A crop duster sprays pesticides on fields near Pullman in Whitman County, Washington. (Photo: Wolfgang Kaehler/Avalon/Universal Images Group via Getty Images)

Pesticide Exposure Killed my Husband--Farm Workers Need Better Protections

Each year as many as 20,000 farm workers are poisoned and an estimated 11,000 fatalities occur worldwide.

My husband, Alejandro, died from lung cancer in 2010. He was just 50 years old. For years, one of my husband's jobs was to tend to the lettuce fields where we worked in Greenfield. Right after spraying pesticides and weed killers, he would go into the fields, working up the soil with a short-handled hoe so that the lettuce could grow. He would get really close to the ground, breathing in the dust and also the chemical residue that was there.

These facts of farmworker life are not simply tragedy. They are the result of policy decisions the U.S. government can change right now.

A few years before he died, Alejandro developed a severe respiratory condition. He couldn't lay down because when he did, it felt like he was drowning. A doctor told us that he needed a lung transplant. We waited, but no donors were found.

His breathing worsened to the point that he needed to be hospitalized and put on a ventilator. One day, as the nurses were getting him ready for his walk, he suffered a stroke. I rushed to his side. He died there in my arms, saying "mis hijos, mis hijos." [My kids, my kids]

This is my family's story, but it's like too many others. Each year as many as 20,000 farmworkers are poisoned and an estimated 11,000 fatalities occur worldwide. Consider: In a country where the average life expectancy is 78 years, the people who work in the fields tend to live to be just 42.

The families left behind have few resources to turn to. When Alejandro passed away, a doctor who knew that he was a farmworker told me that the cause of his death was most likely the result of regular exposure to pesticides at work. Then a lawyer who heard about what happened told us that we could sue the company that manufactured the chemicals that Alejandro had been exposed to.

But we didn't. One problem was a lack of direct evidence. Another issue was that my husband's employer never told him or the workers the names of the chemicals that were used on the farm.

I felt depressed, helpless, and alone when Alejandro passed away. He was too young. We were confident we knew why he died, but we couldn't do anything about it.
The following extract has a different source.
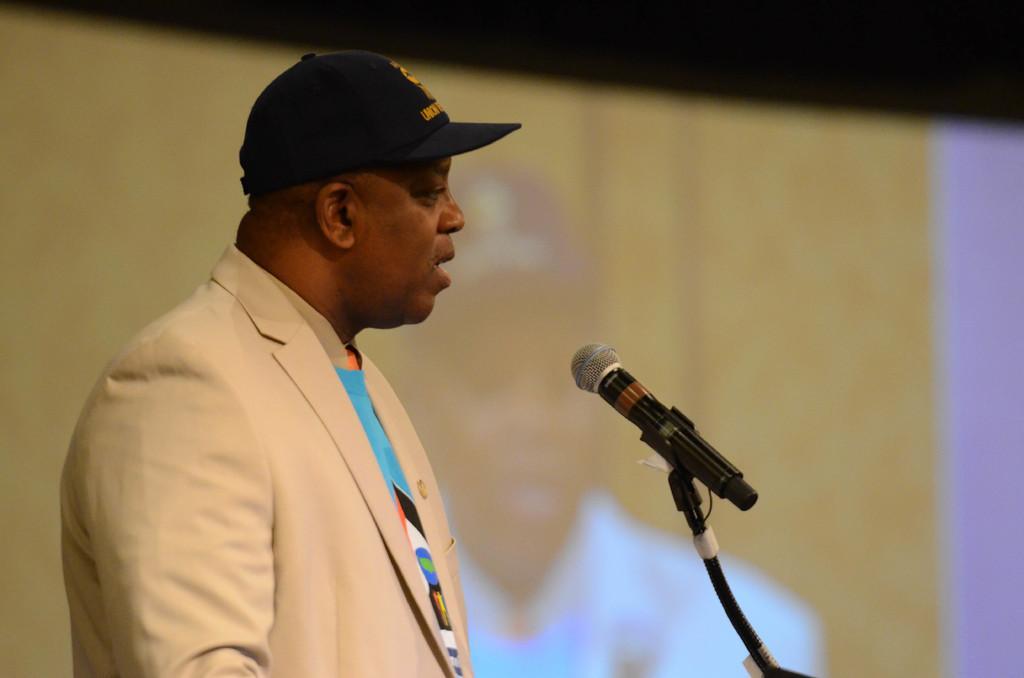Describe this image in one or two sentences. As we can see in the image, there is a man wearing cap, cream color suit and talking on mike.

As for myself: working thirteen years on grape vineyards and also with chemicals has left me with asthma and psoriasis. I was seriously injured specifically after I fell while tying grape vines in one orchard, which has required multiple surgeries and regular medical attention. I had to leave work completely.

What has helped me turn all this pain into positive action was in 2013 getting involved in the California-based group, Lideres Campesinas. Connecting with other women who run the group, I have learned that what happened to my husband is all too common. Our country's approximately three million farmworkers daily risk their lives when they work with hazardous chemicals so that the rest of us can eat.

Pesticides have been linked to cause birth defects, neurodevelopmental delays and cognitive impairment among pregnant farmworkers.

These facts of farmworker life are not simply tragedy. They are the result of policy decisions the U.S. government can change right now.

For instance, the Environmental Protection Agency and Occupational Safety and Health Agency should make greater efforts to conduct unannounced inspections. As is, OSHA's workplace inspection policy authorizes such workplace inspections, while the EPA according to a rule from 2020, recognizes that inspections may or may not be announced. The problem is that many farmworker women report that their employers too often receive advance notice before inspectors arrive. Without unannounced inspections, employers superficially improve their work environments to just pass inspection, avoiding to make real, necessary changes that would actually benefit worker welfare."

The EPA also needs to reverse recent decisions that have drawn lawsuits from Alianza Nacional de Campesinas, along with other advocacy and community health groups. The first is the agency's 2020 decision to weaken safeguards--namely a rule saying that pesticides can't be applied when anyone is within 100 feet of the site--that prevented farmworkers and rural residents from being accidentally sprayed with toxins. The other problematic decision is the EPA's 2021 approval of the continued use of the deadly pesticide paraquat for 15 more years, even though this chemical is currently banned in 32 countries and has been linked to Parkinson's Disease. The safeguards should be restored, and paraquat banned from use.

U.S. lawmakers have a role to play too. The Protect America's Children from Toxic Pesticides Act, introduced last year by Senator Cory Booker (D-NJ), aims to remove dangerous pesticides within our farm system by updating the 1972 Fungicide and Rodenticide Act to ban the most damaging pesticides that have been scientifically proven to harm the safety of people and our environment.

Improved oversight and new laws will not bring my husband back. Yet in working together, I hope that in Alejandro's memory we can make changes that would help heal those of us who have been harmed by working in our country's food system, and prevent more senseless deaths.